There are, however, prospective epidemiological studies on vaccine AEs which avoid the above subjective factors in reporting. One of the largest such study was dedicated to assess the AE incidence of 13 selected neurological, hematological, and cardiac AEs occurring within 42 days after vaccination with Comirnaty, Spikevax and Jcovden[8]. The risk of AEs was quantitated by the ratio of observed AE relative to the expected AE, 1.5 being the lower threshold of significance. The data from approximately 99 million vaccine recipients across eight countries indicated a significantly increased risk for Guillain-Barré syndrome, cerebral venous sinus thrombosis, acute disseminated encephalomyelitis, myocarditis, and pericarditis. However, even if the populations and analysis times were matched in this study[8], questions arise regarding the validity of comparing historic data, i.e., all-cause AEs in the pre-COVID-19 era, with solely vaccine-caused AEs under pandemic conditions, as well as the definition of significant risk at 1.5 observed to expected AE ratio, and the arbitrary choice of AEs for analysis. It should be noted in this regard that in November, 2024 the MEDLINE (PubMed)[22] lists approximately 1,400 articles in response to search using a combination of “Covid-19,” “mRNA vaccines,” and “adverse events.” of studies focusing on the different AEs of these vaccines, which likely would not exist without some indication of increased incidence of the discussed AEs relative to a comparator. The references [23,24,25,26,27,28,29,30,31,32,33,34,35,36,37,38,39,40,41,42,43,44,45,46,47,48,49,50,51,52,53,54,55,56,57,58,59,60,61,62,63,64,65,66,67] represent a selection of pivotal studies on different vaccine-induced AEs which are based on increased, or unusual rises of the addressed AEs.

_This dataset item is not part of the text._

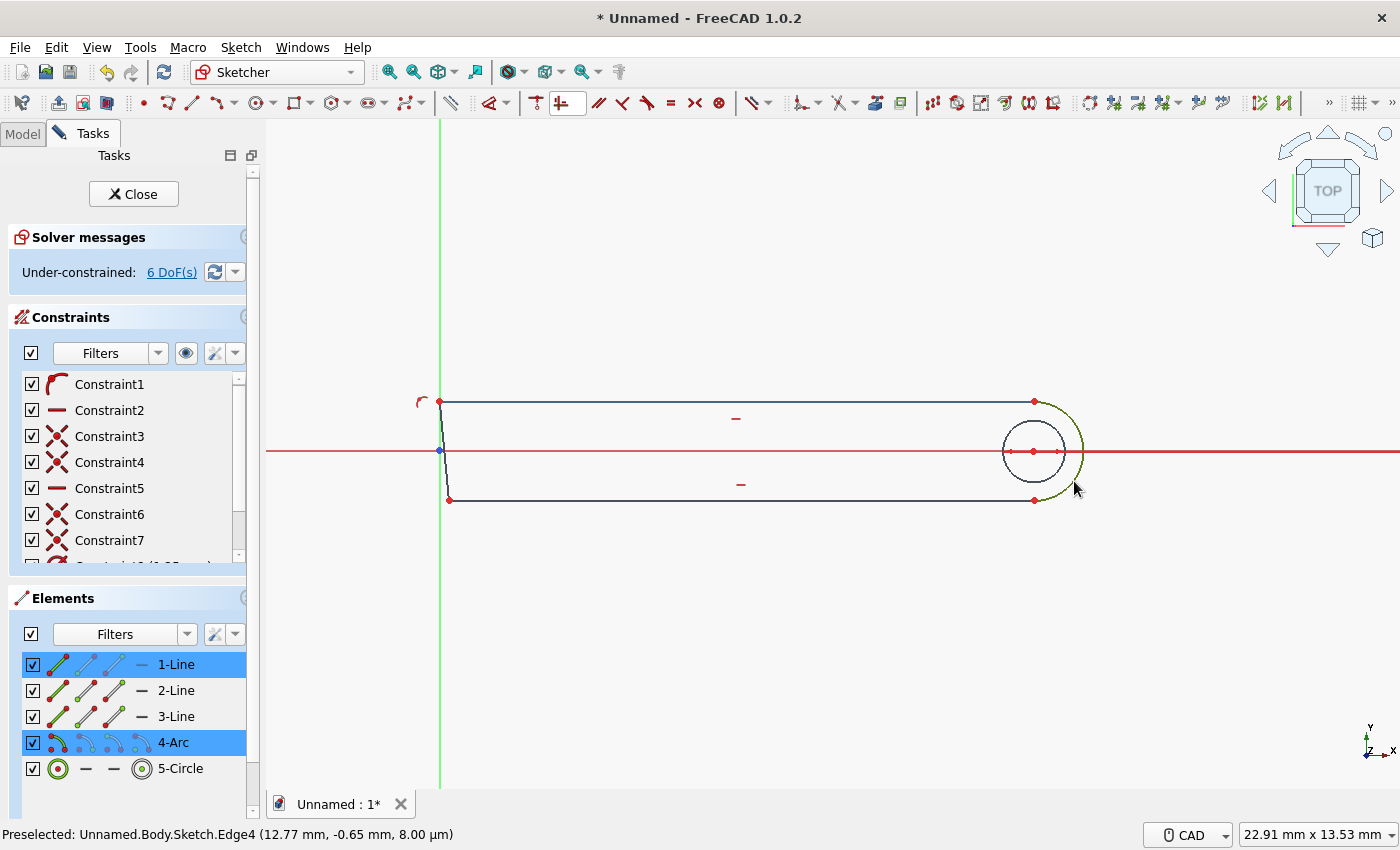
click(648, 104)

Comparison with flu vaccines. For the above reasons, perhaps a more real-life conclusion on the safety of genetic vaccines can be obtained by comparing the prevalence and incidence rates of AEs with those of other vaccines used against the same infection agent. For the genetic Covid-19 vaccines, the flu vaccines seem to be the best comparators, since they are also used for millions of people against a coronavirus. Accordingly, the VAERS data in Table 2 compare the prevalence of all AEs, vaccine doses and incidence rates of AEs caused by the 3 genetic vaccines during the pandemic, with the corresponding statistics of flu vaccines over the past 10 years, data from 12 flu vaccines combined.

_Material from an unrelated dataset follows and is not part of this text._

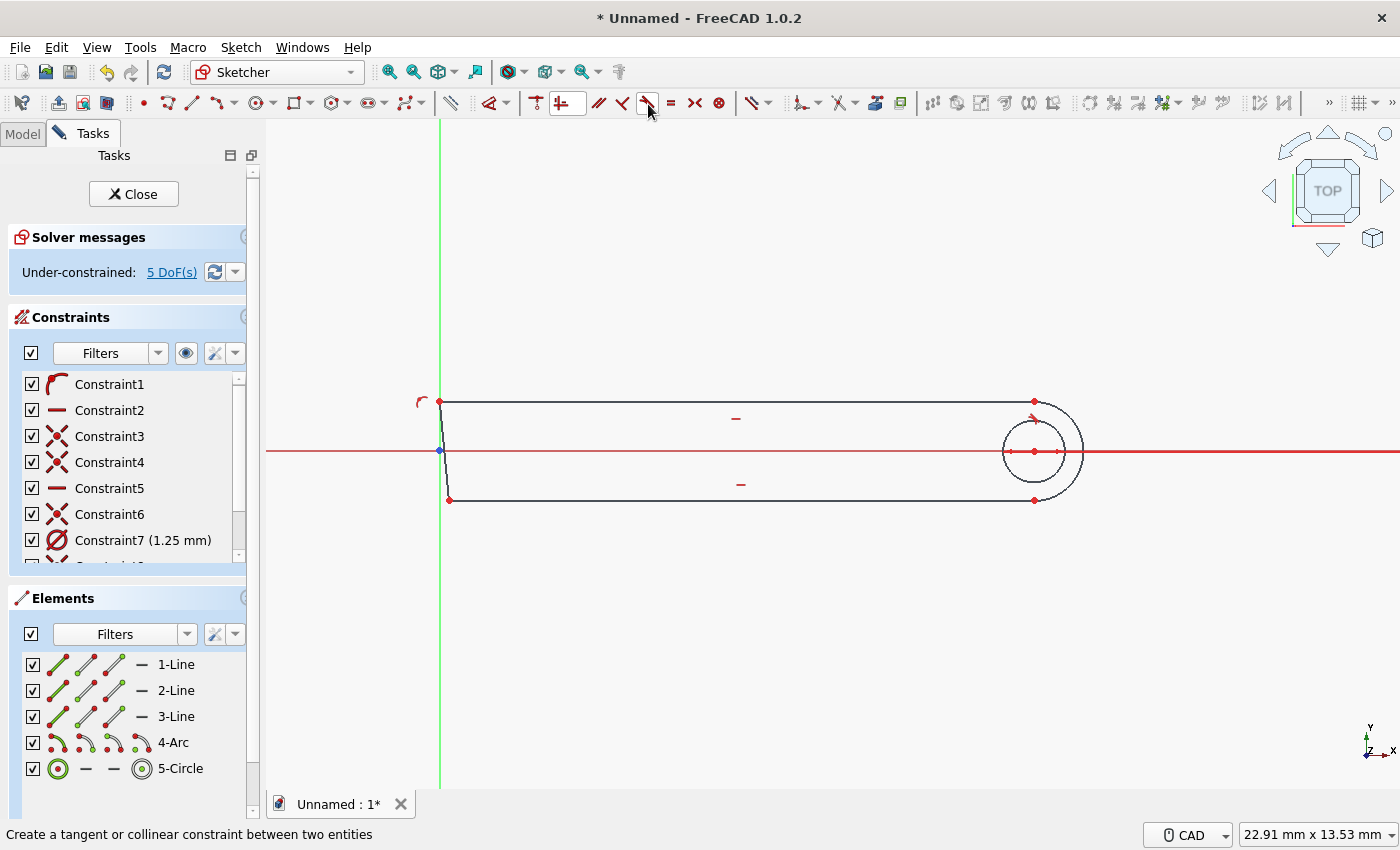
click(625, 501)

It is seen in the Table 2 that the incidence rate of AEs by the analyzed Covid-19 vaccines over 3 years was 25-26 times higher than that of flu vaccines over 10 years. Considering only the DNA-based vaccine, Jcovden (Janssen), the AE relative risk compared to flu is 54-fold higher. This also means that the DNA vaccine caused ~2-fold more AEs than the mRNA vaccines. A comparison of Comirnaty and Spikevax suggested 57% more reactions in case of Spikevax. The substantial difference between the flu and the 2 mRNA vaccines and the relative similarity between Comirnaty and Spikevax in causing AEs provide clear indication that it is the mRNA-LNP technology, rather than any other special features of the 2 mRNA vaccines that accounts for the increased risk for AEs. On the other hand, the 20 and 32-fold increase of relative risk calculated for Comirnaty vs. Spikevax shows comparably increased toxicity, somewhat higher with Spikevax than Comirnaty.
Statistics on individual AEs. Using the flu vaccines as comparator, Table 3 shows the incidence rates of 12 Brighton-case AEs caused by the mRNA and flu vaccines in the order of decreasing prevalence.

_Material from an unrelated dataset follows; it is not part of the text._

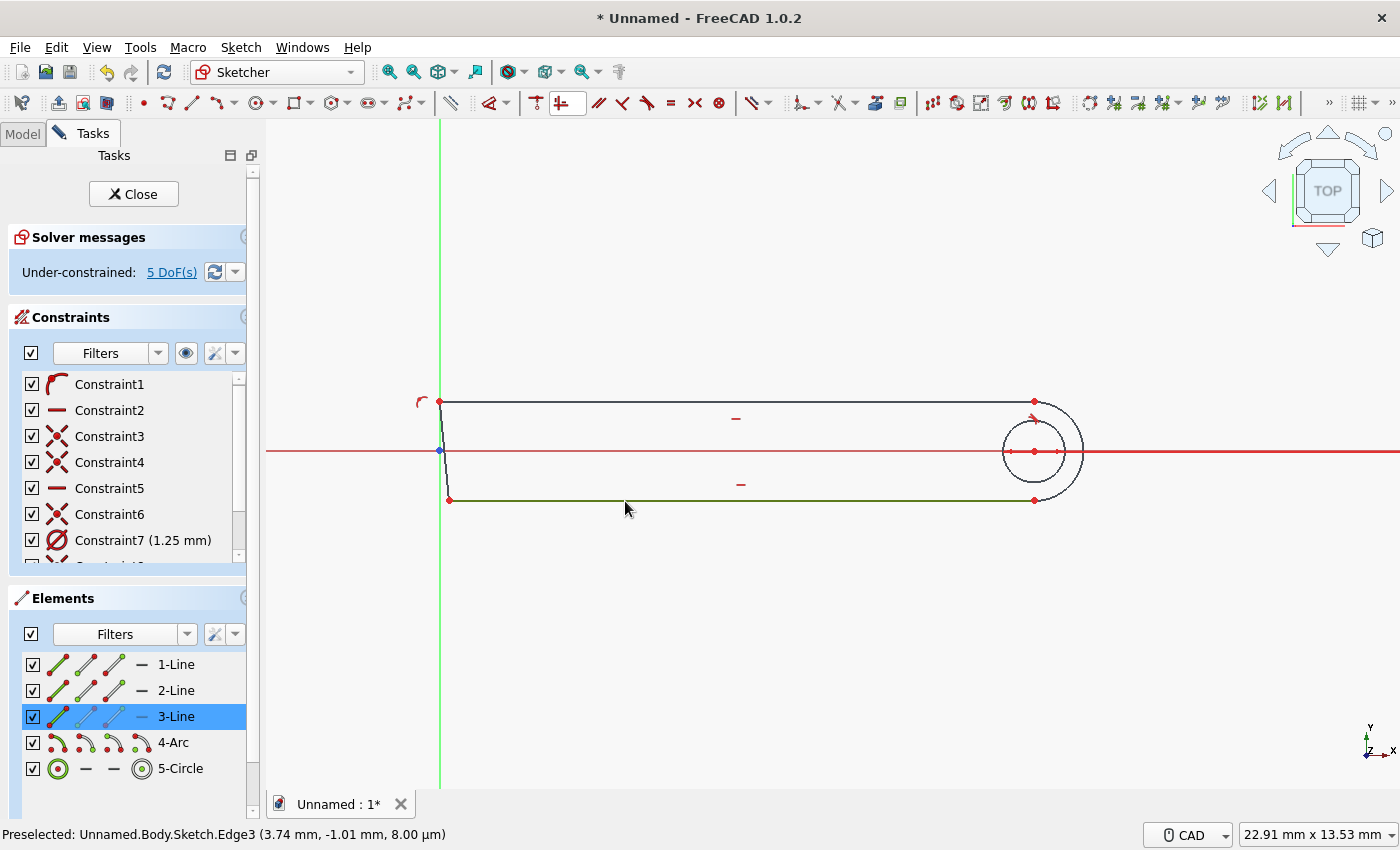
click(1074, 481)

Like in the case of all AEs combined (Table 2), the mRNA-LNP vaccine-induced incidence rates of all 12 AEs were massively higher than those after flu vaccination, heart disease and thrombosis having the highest, roughly ~1,200 and ~500-fold increased risk, respectively. These data also imply that the incidence rates of individual AEs caused by mRNA vaccines substantially vary within the 6-200 AEs/M range. The percentage of severe AEs related to all AEs also varies in different reports between ~4 and ~18%[70], earlier.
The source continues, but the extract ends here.